In other instances though you would have to be willing to give up something positive, something that you might miss. For example, in order to buy that dream home that might be modern and stylish, you would also have to give up the old fashioned but comfortable residence that has been your beloved retreat for many years. This can then create an inner conflict and while you’re having an inner conflict, guess what happens?

Usually, not much happens. It’s not that surprising when we remember the way our mind (and the Universe) works. When we set a goal and focus on our desired outcome, we bring to bear the power of our reticular activating system (RAS). This amazing inner resource sets in motion a mental magnetism (the Law of Attraction) that attracts to you all the resources you need to achieve your goal. The resources can be skills, knowledge, equipment, tools or people – whatever you need to ‘make it happen’.

If you want an example of a RAS effect, consider the process of buying a car. You set the goal to buy a new one; you start to fine tune which make and model are appealing. Suddenly that car is everywhere on the roads and in every car yard you drive past. Then out of the blue, there is the very car you want at the price you are willing to pay. Sometimes it is found for you by a friend or a salesman you have come across. In other words, the resources to lead you to the goal have appeared. Those cars were always there – you just weren’t looking for them before.
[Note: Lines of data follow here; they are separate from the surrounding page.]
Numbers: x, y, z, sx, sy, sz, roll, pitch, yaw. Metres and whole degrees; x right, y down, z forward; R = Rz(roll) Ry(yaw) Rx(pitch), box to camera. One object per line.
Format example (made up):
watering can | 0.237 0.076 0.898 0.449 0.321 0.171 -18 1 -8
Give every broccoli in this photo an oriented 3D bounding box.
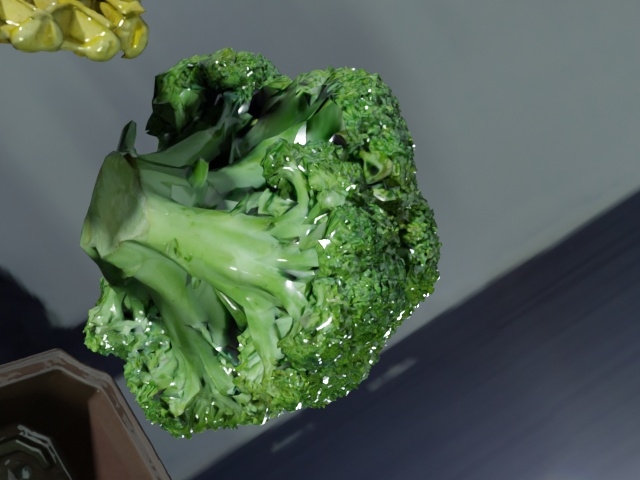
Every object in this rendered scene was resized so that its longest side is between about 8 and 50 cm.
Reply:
broccoli | -0.064 0.005 1.145 0.321 0.309 0.413 95 156 -45

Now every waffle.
waffle | -0.267 -0.218 0.995 0.250 0.056 0.261 2 -142 -30

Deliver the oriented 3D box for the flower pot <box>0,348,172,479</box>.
flower pot | -0.226 0.187 0.871 0.251 0.084 0.179 -15 -112 -53
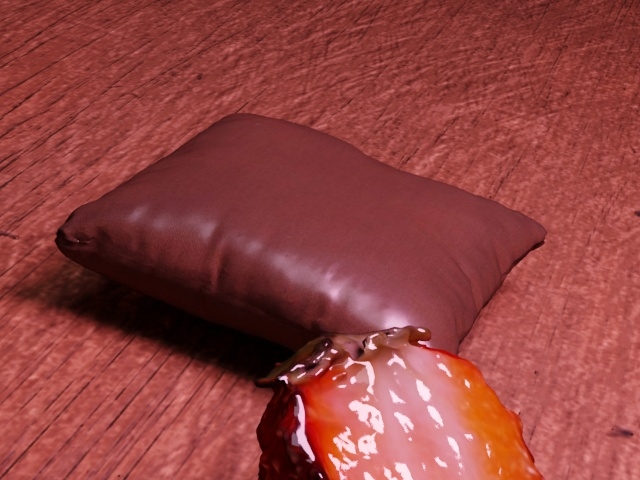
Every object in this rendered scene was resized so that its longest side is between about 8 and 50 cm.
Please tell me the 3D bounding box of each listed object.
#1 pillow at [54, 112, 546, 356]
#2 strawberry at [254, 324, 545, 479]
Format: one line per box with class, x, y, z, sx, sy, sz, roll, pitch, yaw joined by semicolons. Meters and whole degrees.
pillow;0.000;0.000;1.110;0.305;0.108;0.308;21;27;14
strawberry;0.045;0.168;0.821;0.190;0.111;0.236;2;49;-42
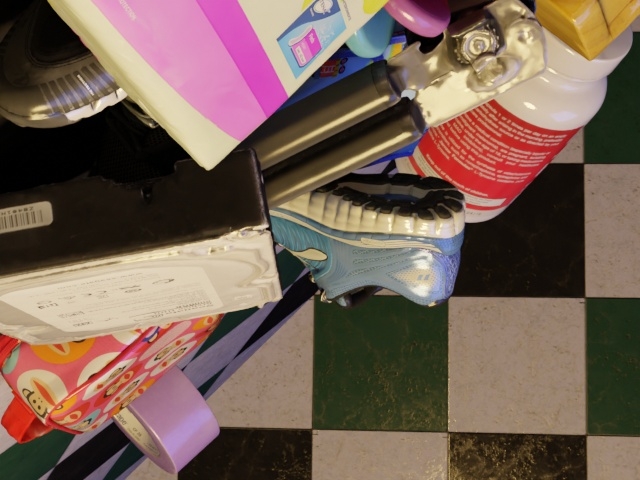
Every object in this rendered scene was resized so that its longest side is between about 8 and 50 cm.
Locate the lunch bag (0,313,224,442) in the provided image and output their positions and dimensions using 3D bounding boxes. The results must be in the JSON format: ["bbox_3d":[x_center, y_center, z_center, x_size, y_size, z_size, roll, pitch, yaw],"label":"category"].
[{"bbox_3d":[-0.228,0.114,1.142,0.258,0.120,0.293,-42,173,-14],"label":"lunch bag"}]

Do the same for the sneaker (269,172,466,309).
[{"bbox_3d":[0.000,0.000,1.130,0.130,0.330,0.147,-27,122,-43],"label":"sneaker"}]

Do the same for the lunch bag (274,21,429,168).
[{"bbox_3d":[-0.014,-0.144,0.986,0.293,0.138,0.221,-25,163,-31],"label":"lunch bag"}]

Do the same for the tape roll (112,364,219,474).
[{"bbox_3d":[-0.227,0.215,1.436,0.080,0.189,0.189,-41,172,-24],"label":"tape roll"}]

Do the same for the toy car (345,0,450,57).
[{"bbox_3d":[0.052,-0.213,0.797,0.182,0.136,0.159,-49,172,31],"label":"toy car"}]

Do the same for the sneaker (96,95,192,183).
[{"bbox_3d":[-0.120,-0.099,0.725,0.130,0.087,0.227,-22,161,-50],"label":"sneaker"}]

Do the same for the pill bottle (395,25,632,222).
[{"bbox_3d":[0.294,-0.220,1.679,0.229,0.229,0.407,-39,171,-37],"label":"pill bottle"}]

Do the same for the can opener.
[{"bbox_3d":[0.048,-0.118,0.875,0.283,0.076,0.095,-25,-146,16],"label":"can opener"}]

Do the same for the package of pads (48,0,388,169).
[{"bbox_3d":[-0.031,-0.182,0.427,0.229,0.101,0.296,-45,157,-4],"label":"package of pads"}]

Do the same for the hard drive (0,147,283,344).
[{"bbox_3d":[-0.151,0.021,0.839,0.237,0.064,0.339,-10,170,-3],"label":"hard drive"}]

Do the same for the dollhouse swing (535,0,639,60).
[{"bbox_3d":[0.239,-0.388,0.895,0.347,0.315,0.305,-47,138,9],"label":"dollhouse swing"}]

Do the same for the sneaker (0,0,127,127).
[{"bbox_3d":[-0.093,-0.158,0.588,0.234,0.078,0.106,-43,166,-20],"label":"sneaker"}]
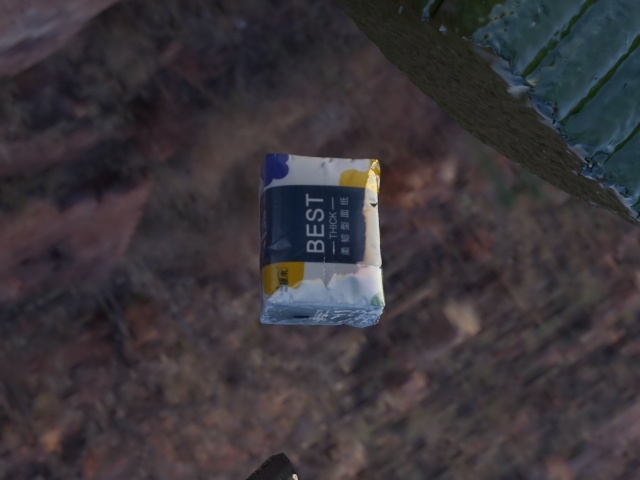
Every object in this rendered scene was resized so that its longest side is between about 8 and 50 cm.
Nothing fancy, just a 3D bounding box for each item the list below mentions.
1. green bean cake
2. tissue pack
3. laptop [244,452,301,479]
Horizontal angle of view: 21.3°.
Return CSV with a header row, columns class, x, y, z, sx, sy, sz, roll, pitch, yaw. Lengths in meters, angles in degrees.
class,x,y,z,sx,sy,sz,roll,pitch,yaw
green bean cake,0.136,-0.143,1.053,0.156,0.250,0.247,-50,127,-1
tissue pack,0.000,0.000,0.855,0.062,0.083,0.042,4,157,-9
laptop,0.001,0.220,1.013,0.016,0.180,0.129,-29,180,19
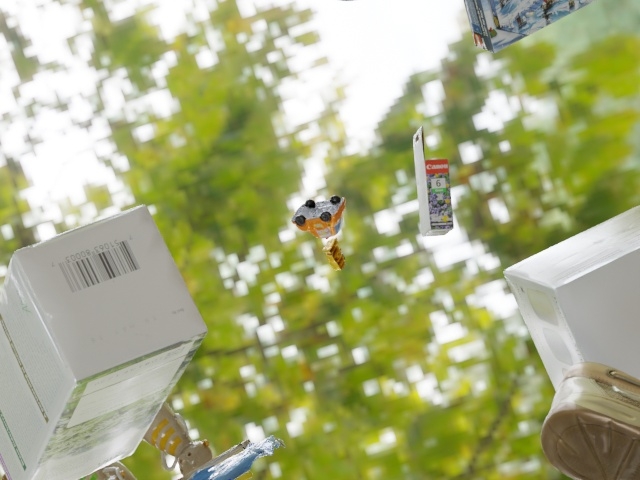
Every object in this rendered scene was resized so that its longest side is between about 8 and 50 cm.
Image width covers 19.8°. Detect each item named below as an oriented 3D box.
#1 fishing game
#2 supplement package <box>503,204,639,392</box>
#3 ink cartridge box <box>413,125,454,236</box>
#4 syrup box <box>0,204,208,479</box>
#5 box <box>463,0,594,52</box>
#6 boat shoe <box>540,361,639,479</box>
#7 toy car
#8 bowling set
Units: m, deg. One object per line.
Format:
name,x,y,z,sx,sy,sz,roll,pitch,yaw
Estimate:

Goal-setting - a piece of cake?

Goal-setting – a piece of cake?

The setting of a goal not only activates the RAS though, it also usually sends you a little test from the Universe. On Saturday you set a goal to diet and lose weight. No sooner have you set the goal, than on Sunday your next door neighbour knocks on your door and says, “Someone just gave me this double chocolate cream cake and we won’t eat it. Would you like it?” It happens to be your favourite, so you say, “Okay, thanks. We’ll just use that up first and start the diet on Tuesday”. On Tuesday, you visit your mother and she says, “I’ve made you your favourite – a big chocolate pudding.”

 

Whenever you set a goal, the Universe likes to test you out to see if you were actually serious about following through with it!

So what else would stop you from having your ‘Ahaaa’ moment?

You might just suppress the answers because you realise that to make the changes you say you want in your life would require that you step outside your comfort zones. Motivational author and speaker Jim Rohn used to say that “The things that are easy to do are also easy not to!”

The comfort zone blockage might not just be a case of ‘easy to’ versus ‘easy not-to’. It can also be the case that to step outside your comfort zone will lead to another conflict or with having to deal with something painful. For example, emigrating to a new country to take up a new opportunity might mean leaving a partner or a family member behind.

Thus what often happens is that we freeze. We become stuck, confused, frustrated or even angry.

There is however, hope. Working with a sounding board, such as a good coach, can allow you to step back from the problem or break down an apparent problem into what might potentially be many smaller elements, requiring smaller, simpler decisions.

Find the time and space to THINK

Find the time and space to THINK

The biggest thing you can do to help yourself is to allocate the time and space for you to be able to think. Most people simply ‘don’t think’. They become stuck on a treadwheel and keep on repeating the pattern that isn’t working, instead of doing something to change it. Alternatively, worse still, is that they do nothing. They justify their indecision and inaction by blaming circumstances or other people, or they just put it off and they will make a decision ‘later’.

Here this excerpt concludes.